Merval Pereira: Desmilitarização
O núcleo duro da ala militar quer firmar a ideia de que não existem ministros militares, mas de origem militar
A prisão de Fabrício Queiroz foi a gota d´água que faltava para que o bom senso prevalecesse no entorno do presidente Bolsonaro, levado a um silêncio obsequioso diante da realidade que lhe batia à porta do Palácio do Planalto.
Os ministros de origem militar, que no início do governo eram vistos como anteparos aos arroubos totalitários da ala radical do governo, venceram pela exaustão. Uns, como o chefe do Gabinete de Segurança Institucional, General Augusto Heleno, abandonaram a moderação para aderir à radicalização. Outros, como o General Santos Cruz, não resistiram às intrigas palacianas e deixaram o governo.
O núcleo duro da ala militar permanece firme no desejo de desmilitarizar sua presença para firmar a idéia de que não existem ministros militares, mas de origem militar. Um que foi para a reserva no dia 1º deste mês foi o General Luiz Eduardo Ramos. Ele já havia anunciado sua decisão dias antes, como registrado aqui na coluna, maturada desde o dia em que recebeu críticas de diversos setores, inclusive militares, por ter participado de uma daquelas manifestações políticas em frente ao Palácio do Planalto, onde a defesa de medidas antidemocráticas, como intervenção militar, eram feitas abertamente.

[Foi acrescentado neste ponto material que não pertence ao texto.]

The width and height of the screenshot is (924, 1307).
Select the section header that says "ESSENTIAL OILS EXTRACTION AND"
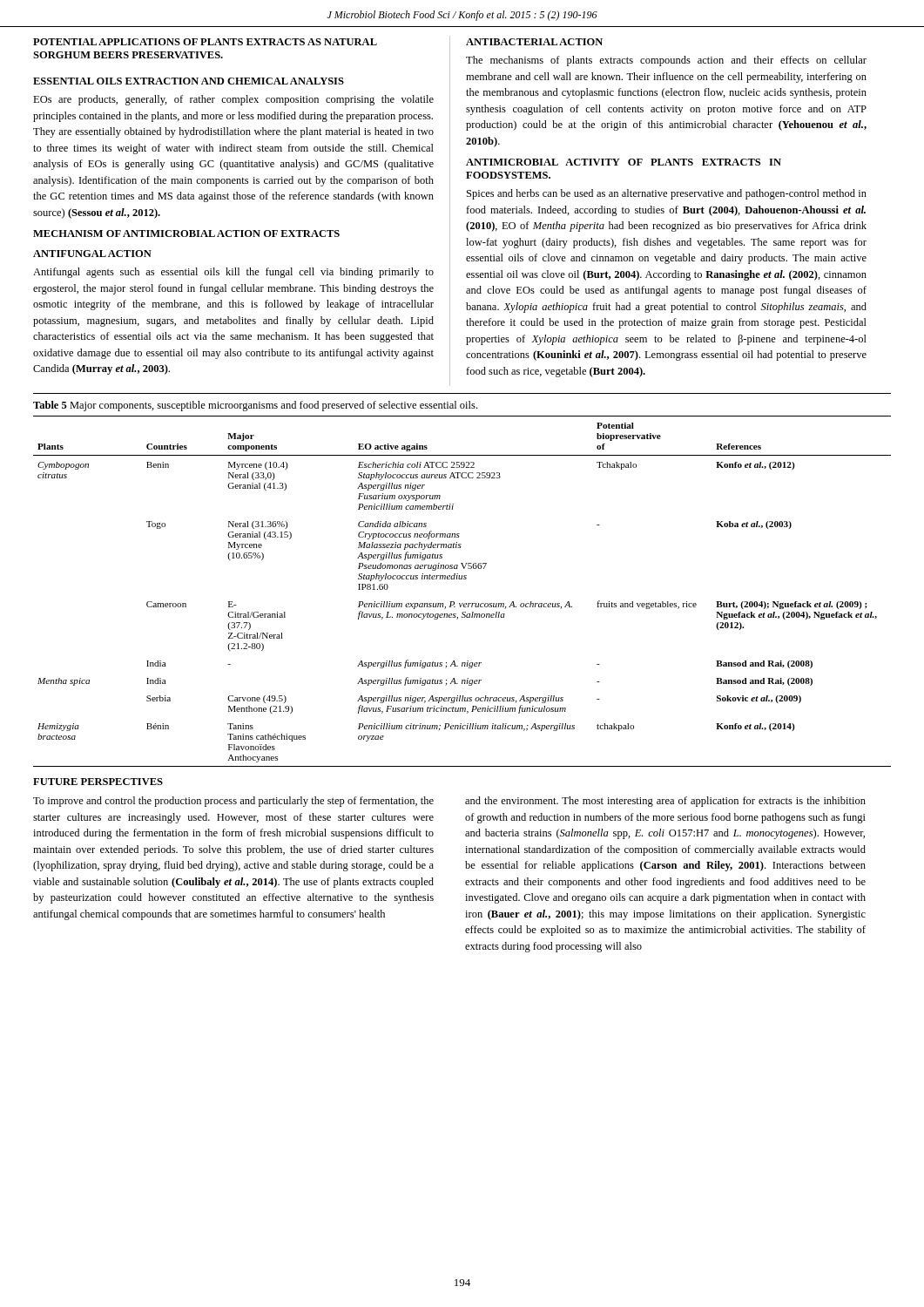click(x=188, y=81)
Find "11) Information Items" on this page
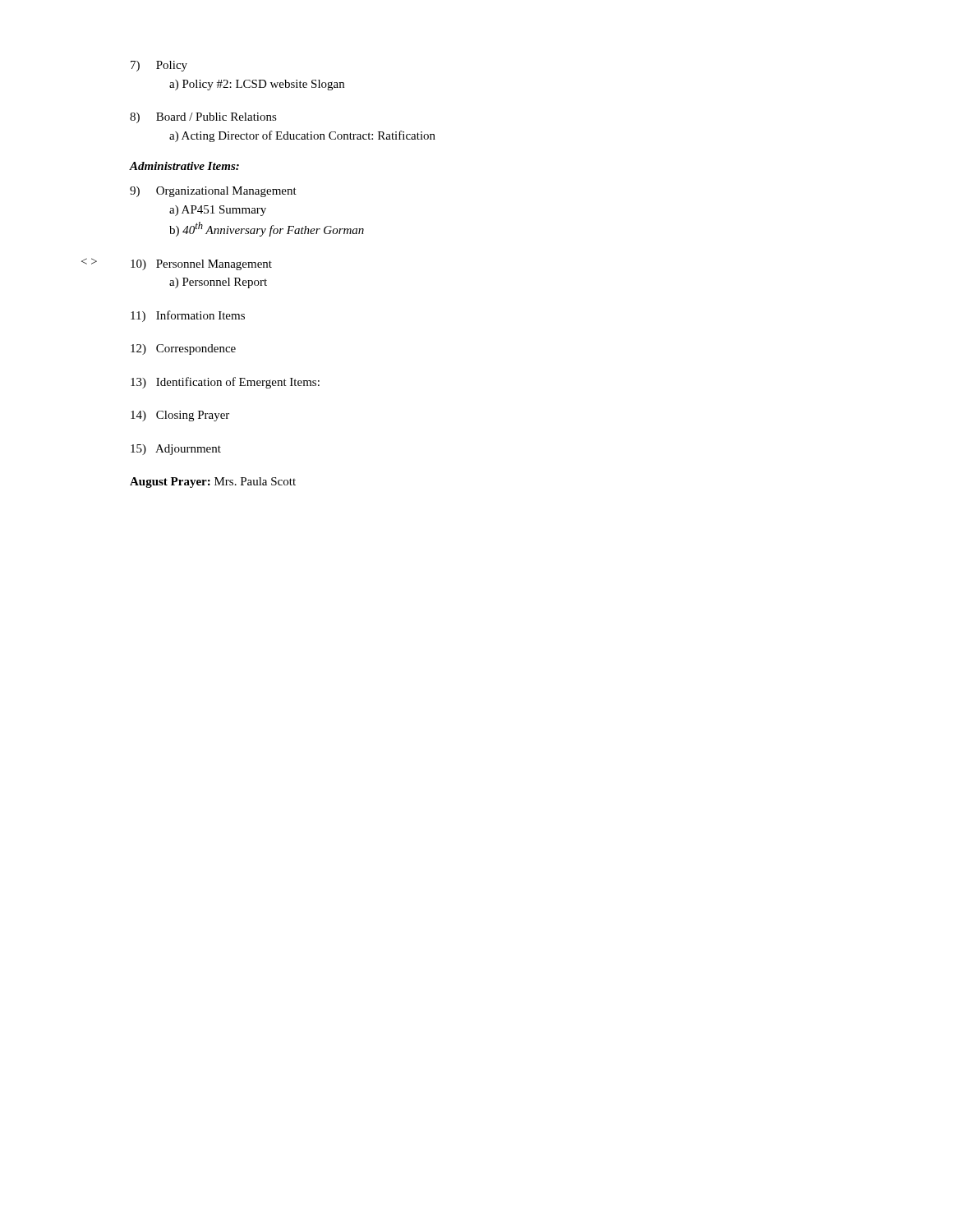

Sentiu-se incomodado, admitiu que como General de Exército da Ativa, recém-saído do Comando Militar do Leste, membro do Alto Comando do Exército, mesmo se não houvesse a defesa de ações totalitárias, que minimizou como sendo de uns poucos, não deveria participar de manifestações políticas. Conversou com o presidente, que se disse contrário, mas realizou seu desejo para poder ajudar o governo mais à vontade, como revelou em entrevistas.

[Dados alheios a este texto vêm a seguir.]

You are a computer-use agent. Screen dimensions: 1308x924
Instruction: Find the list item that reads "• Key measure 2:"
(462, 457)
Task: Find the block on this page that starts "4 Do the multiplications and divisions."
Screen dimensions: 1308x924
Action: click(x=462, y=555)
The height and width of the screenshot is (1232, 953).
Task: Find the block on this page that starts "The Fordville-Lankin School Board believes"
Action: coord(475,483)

O general Braga Netto, da Casa Civil, está na reserva já há algum tempo, tendo permanecido na ativa durante curto período como ministro, e o ministro da Defesa, General Fernando Azevedo pretende evitar situações dúbias como a que o levou a sobrevoar de helicóptero junto com o presidente Bolsonaro uma manifestação política, como se a estivesse apoiando, quando alega que estava ali para averiguar as condições de segurança da Praça dos Três Poderes.
A vontade é de não misturar mais, ou não dar motivos para que assim sejam percebidas, as ações de ministros de origem militar com a dos militares da ativa. Por isso, há uma tentativa de homogeneizar o comportamento, fazendo com que sigam o exemplo o ministro interino da Saúde, General de Brigada Eduardo Pazzuello e o chefe da Secretaria de Assuntos Estratégicos (SAE) Almirante de Esquadra Flávio Rocha, que foi promovido este ano, quando já trabalhava no Palácio do Planalto.
Foram muitas idas e vindas nesse primeiro ano e meio de governo, em que os assessores mais próximos ganharam ou perderam importância ao sabor dos ventos políticos, que radicalizaram como quando Bolsonaro decidiu enfrentar o Congresso e o Supremo Tribunal Federal (STF), ou amainaram como agora, quando a força das decisões institucionais prevaleceu sobre o espírito “incontrolável” do presidente.
Os vários inquéritos no Supremo abrangendo não apenas seus seguidores mais radicais, alguns presos, mas ele próprio, os inquéritos do Ministério Público e da Polícia Federal sobre seus filhos Flavio e Carlos, a prisão do Queiroz na casa do advogado da família, tudo levou a que Bolsonaro se dispusesse a arrefecer os ânimos, aceitando finalmente, não se sabe até quando, que não tem condições políticas para tentar enquadrar as instituições que lhe limitam o poder presidencial, como acontece nas democracias.
Uma vitória marcante dos assessores militares foi acabar com o cercadinho em que apoiadores de Bolsonaro constrangiam os jornalistas e incentivavam as bravatas do presidente. Hoje, ele os recebe separadamente, nos jardins do Alvorada, e seus arroubos ficam restritos a essa platéia.
Os relatos são de que o presidente oscila, há dias em que está mais calmo, outros mais agitado. Essa situação serviu também para confirmar o que os ministros de origem militar sempre garantiram: não existe possibilidade de as Forças Armadas apoiarem uma aventura ditatorial.